LFU is approximated like LRU: it uses a probabilistic counter, called a Morris counter to estimate the object access frequency using just a few bits per object, combined with a decay period so that the counter is reduced over time. At some point we no longer want to consider keys as frequently accessed, even if they were in the past, so that the algorithm can adapt to a shift in the access pattern.

That information is sampled similarly to what happens for LRU (as explained in the previous section of this documentation) to select a candidate for eviction.

However unlike LRU, LFU has certain tunable parameters: for example, how fast should a frequent item lower in rank if it gets no longer accessed? It is also possible to tune the Morris counters range to better adapt the algorithm to specific use cases.

By default Redis is configured to:

• Saturate the counter at, around, one million requests.
• Decay the counter every one minute.

Those should be reasonable values and were tested experimentally, but the user may want to play with these configuration settings to pick optimal values.

Instructions about how to tune these parameters can be found inside the example redis.conf file in the source distribution. Briefly, they are:

lfu-log-factor 10
lfu-decay-time 1

The decay time is the obvious one, it is the amount of minutes a counter should be decayed, when sampled and found to be older than that value. A special value of 0 means: we will never decay the counter.

The counter logarithm factor changes how many hits are needed to saturate the frequency counter, which is just in the range 0-255. The higher the factor, the more accesses are needed to reach the maximum.
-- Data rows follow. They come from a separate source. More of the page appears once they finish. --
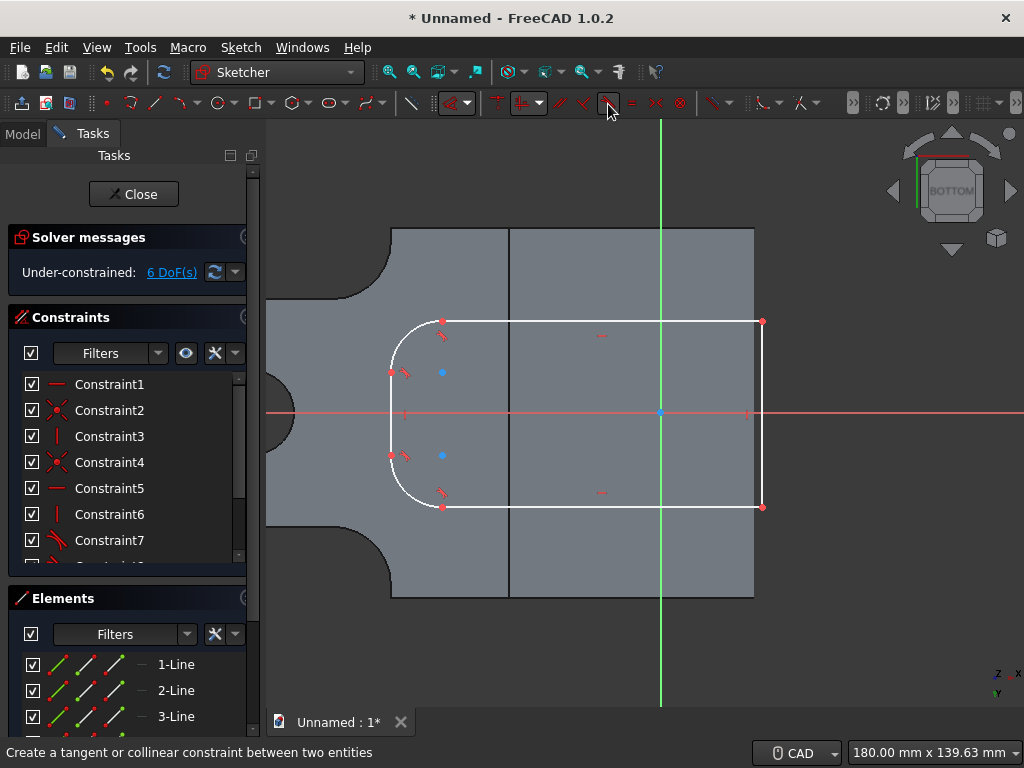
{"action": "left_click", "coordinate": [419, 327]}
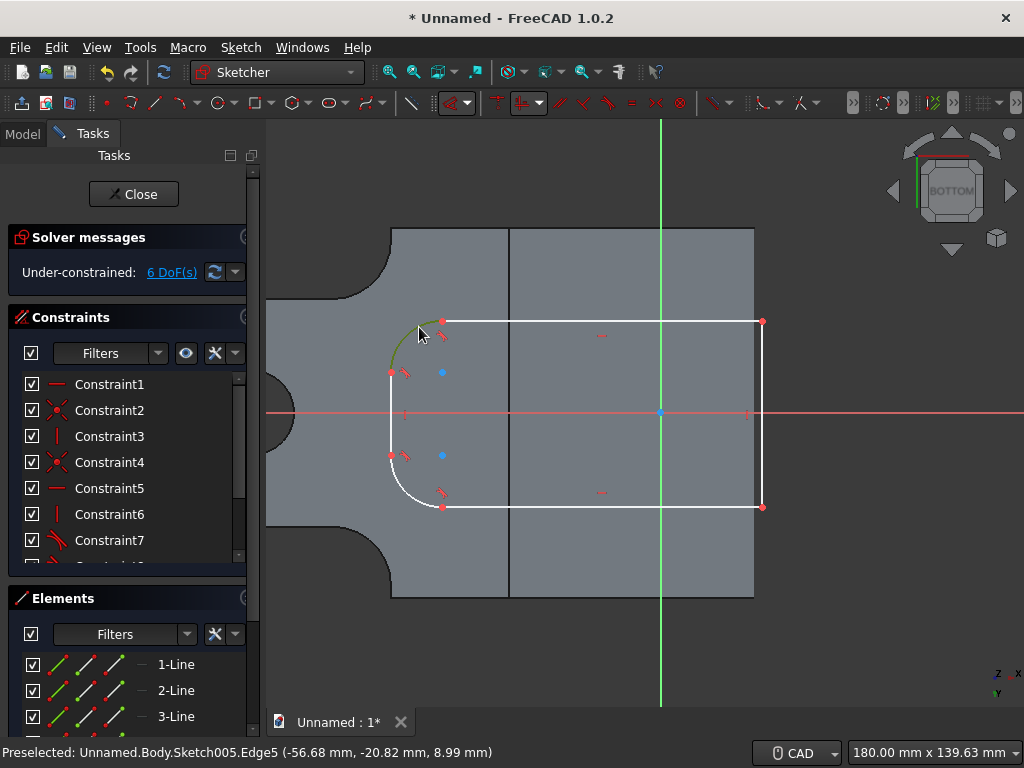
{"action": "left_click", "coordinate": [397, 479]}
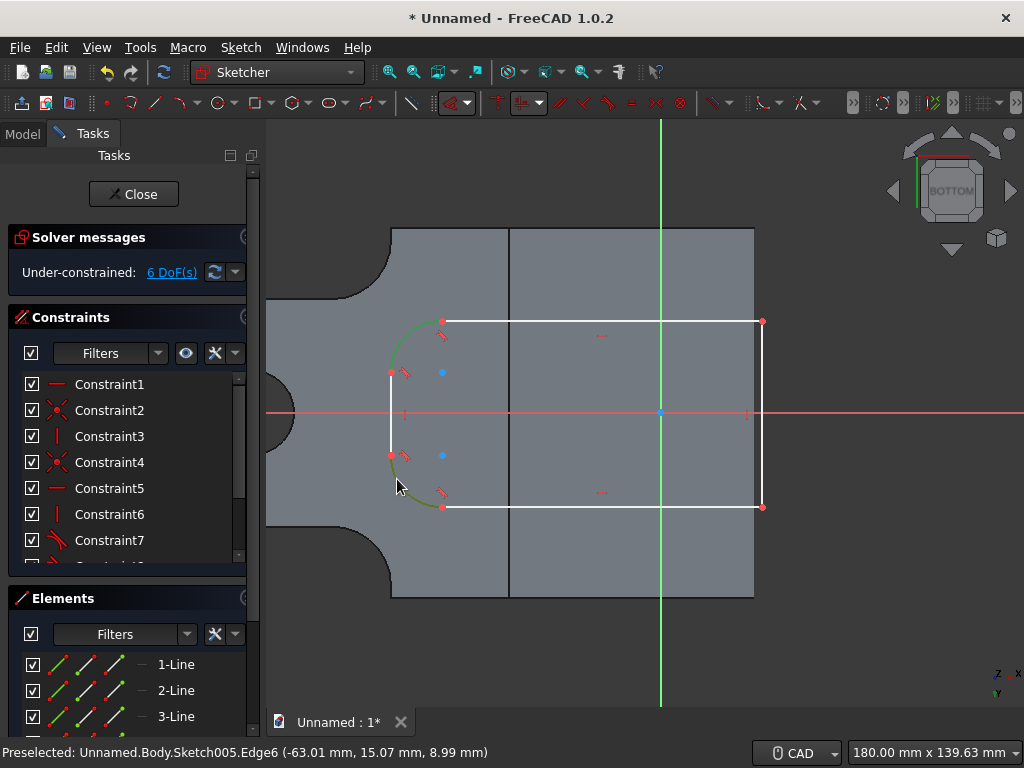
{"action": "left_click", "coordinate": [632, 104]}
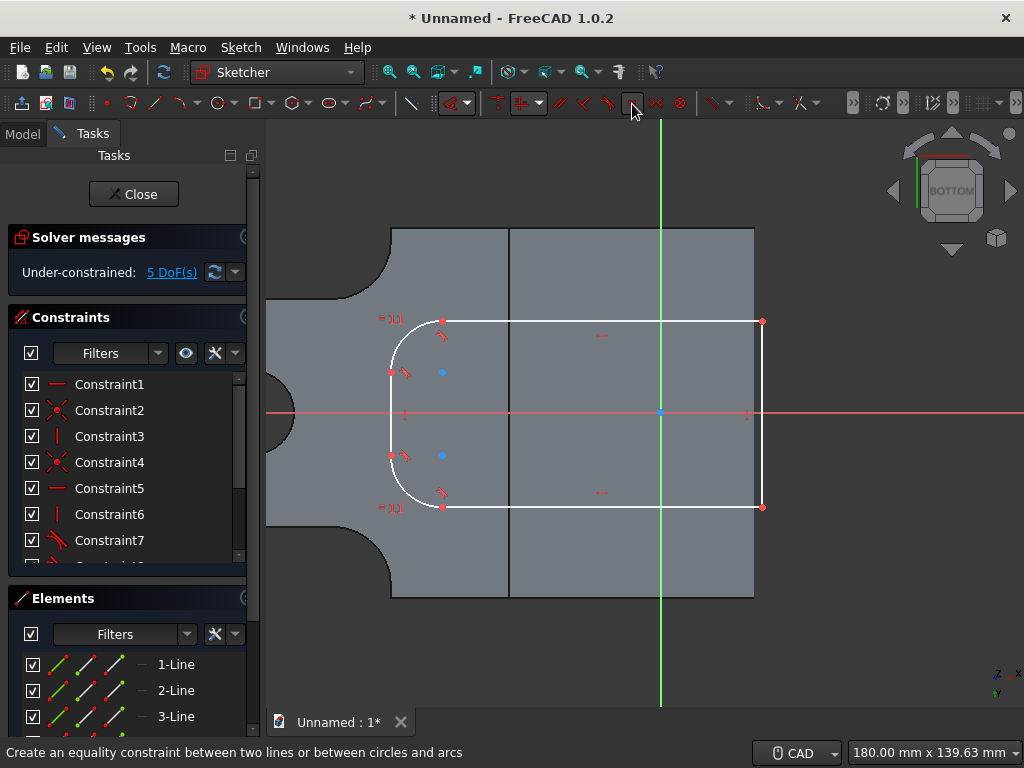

The lower the factor, the better is the resolution of the counter for low accesses, according to the following table:

+--------+------------+------------+------------+------------+------------+
| factor | 100 hits   | 1000 hits  | 100K hits  | 1M hits    | 10M hits   |
+--------+------------+------------+------------+------------+------------+
| 0      | 104        | 255        | 255        | 255        | 255        |
+--------+------------+------------+------------+------------+------------+
| 1      | 18         | 49         | 255        | 255        | 255        |
+--------+------------+------------+------------+------------+------------+
| 10     | 10         | 18         | 142        | 255        | 255        |
+--------+------------+------------+------------+------------+------------+
| 100    | 8          | 11         | 49         | 143        | 255        |
+--------+------------+------------+------------+------------+------------+

So basically the factor is a trade off between better distinguishing items with low accesses VS distinguishing items with high accesses. More information is available in the example redis.conf file.